Chronique

Hedvig Mollestad trio

Black Stabat Mater

Hedvig Mollestad Thomassen (g), Ellen Brekken (elb, b), Ivar Loe Bjørnstad (dm)

Label / Distribution : Rune Grammofon

Avec Black Stabat Mater, le trio d’Hedvig Mollestad clame sa marque de fabrique : l’enjambement des styles. L’enjambement comme procédé poétique (un groupe syntaxique qui déborde d’une unité métrique sur l’autre, d’une ligne sur la suivante) et comme le franchissement d’un obstacle, qui engage le corps et la volonté.

D’abord, avec ce titre ou s’entrechoquent deux références quasi universelles. Celle d’un hard rock que, de son propre aveu, la guitariste n’a découvert que tard mais qui a depuis irrigué ses veines ainsi que celles de son batteur : Black Sabbath. Et celle de la séquence liturgique qui a traversé les siècles depuis le XIIIe, nous contant la souffrance d’une mère se tenant debout, le Stabat Mater. D’emblée, l’expérience sonore promet une certaine densité dramatique. Ensuite, à la lecture des titres, on imagine qu’il sera question de périple.

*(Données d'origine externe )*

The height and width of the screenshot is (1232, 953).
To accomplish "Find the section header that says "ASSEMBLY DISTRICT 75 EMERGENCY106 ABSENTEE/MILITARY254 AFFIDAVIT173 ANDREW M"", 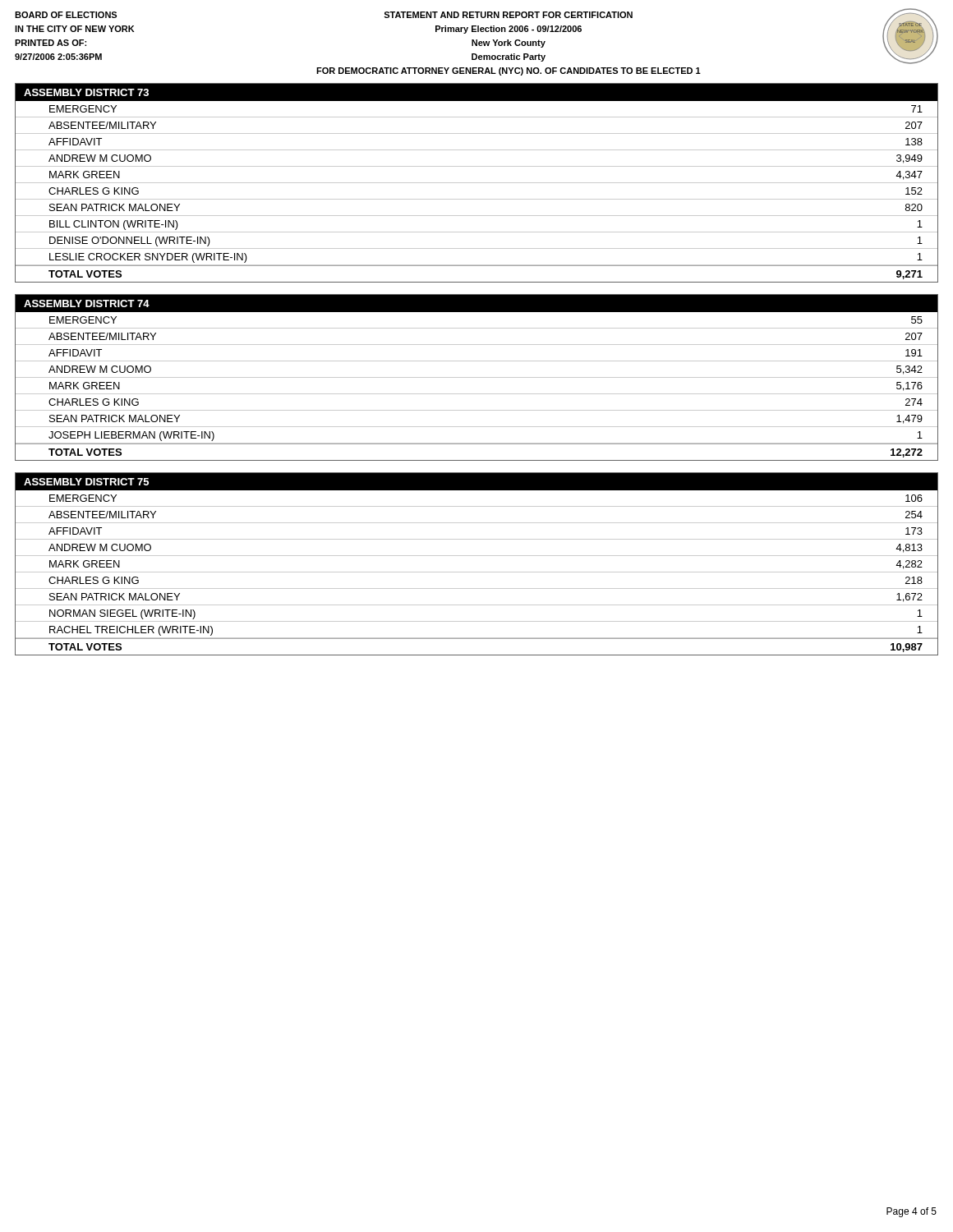I will click(476, 564).

Les premiers instants de l’album surprennent. Ce qui se dégage, c’est une énergie, une fougue folle. Elles ne viennent pas de l’attaque de la guitare, mais du duo rythmique sidérant de densité. Les frappes rapides et riches d’Ivar Loe Bjørnstad, et les accords en ascension d’Ellen Brekken à la basse captent l’attention. Tant qu’il faut attendre quelques minutes pour que les riffs dynamiques de la guitariste ne deviennent le clou du spectacle. C’est donc ça, leur Black Stabat Mater, une histoire à trois voix égales. Le voyage se poursuit vers de raides versants, sur des routes de montagnes sinuant dans la pénombre. C’est à ces paysages désolés que la guitare de « On Arrival » (passant du stoner rock au noise) fait penser avant de parvenir au cœur du disque.

Face à ce mur du son, construit par un trio jazz plus que jamais électrique (« Court Of The Trolls »), un besoin d’horizon se fait sentir. Les plaines surgissent sur « - 40 ». Les frottements lents de l’archet sur la contrebasse et les cymbales résonnant longuement allègent l’atmosphère sans faire disparaître le sentiment de danger. Ce que nous raconte Hedvig Mollestad Trio est une histoire vraie : le disque a été inspiré par des faits qui ont eu lieu au cours de l’hiver 2016, en Norvège. La ministre de l’immigration Sylvi Listhaug avait alors provoqué un tollé en revoyant des migrants vers la Russie par -40°C, un acte politique que le trio dénonce ici furieusement [1]. On pense alors à la version balafrée du « Star Spangled Banner » d’Hendrix.

C’est ce que porte le dernier morceau du disque (le vindicatif « Somebody Else Should Be On That Bus » - comprendre : la ministre elle-même) sans ambiguïté. Les pizz lourds et graves de la contrebassiste sont rejoints par Bjørnstad qui cogne aussi fort que l’équilibre d’ensemble le lui permet, avant que les rugissements de Mollestad ne donnent le coup de grâce.

Le titre, et l’album, semblent s’arrêter abruptement. Sans doute parce qu’il reflète une épopée si absurde qu’elle ne peut que nous laisser sans voix. Dolorosa.

par Anne Yven // Publié le 21 mai 2017

[1La ministre avait en outre réagi au scandale en justifiant sa décision avec cynisme (propos retranscrits dans une traduction que l’on souhaite fidèle, tant ils sont outranciers) : « Quand des personnes n’ayant pas le droit de séjour en Norvège sont renvoyées vers d’autres pays, cela implique dans la plupart des cas qu’elles repartent vers des conditions moins bonnes qu’en Norvège, tout simplement parce que la Norvège est un des pays où il fait le meilleur vivre » (Source : Amaury Peyrach’, Figaro. Avril 2016.)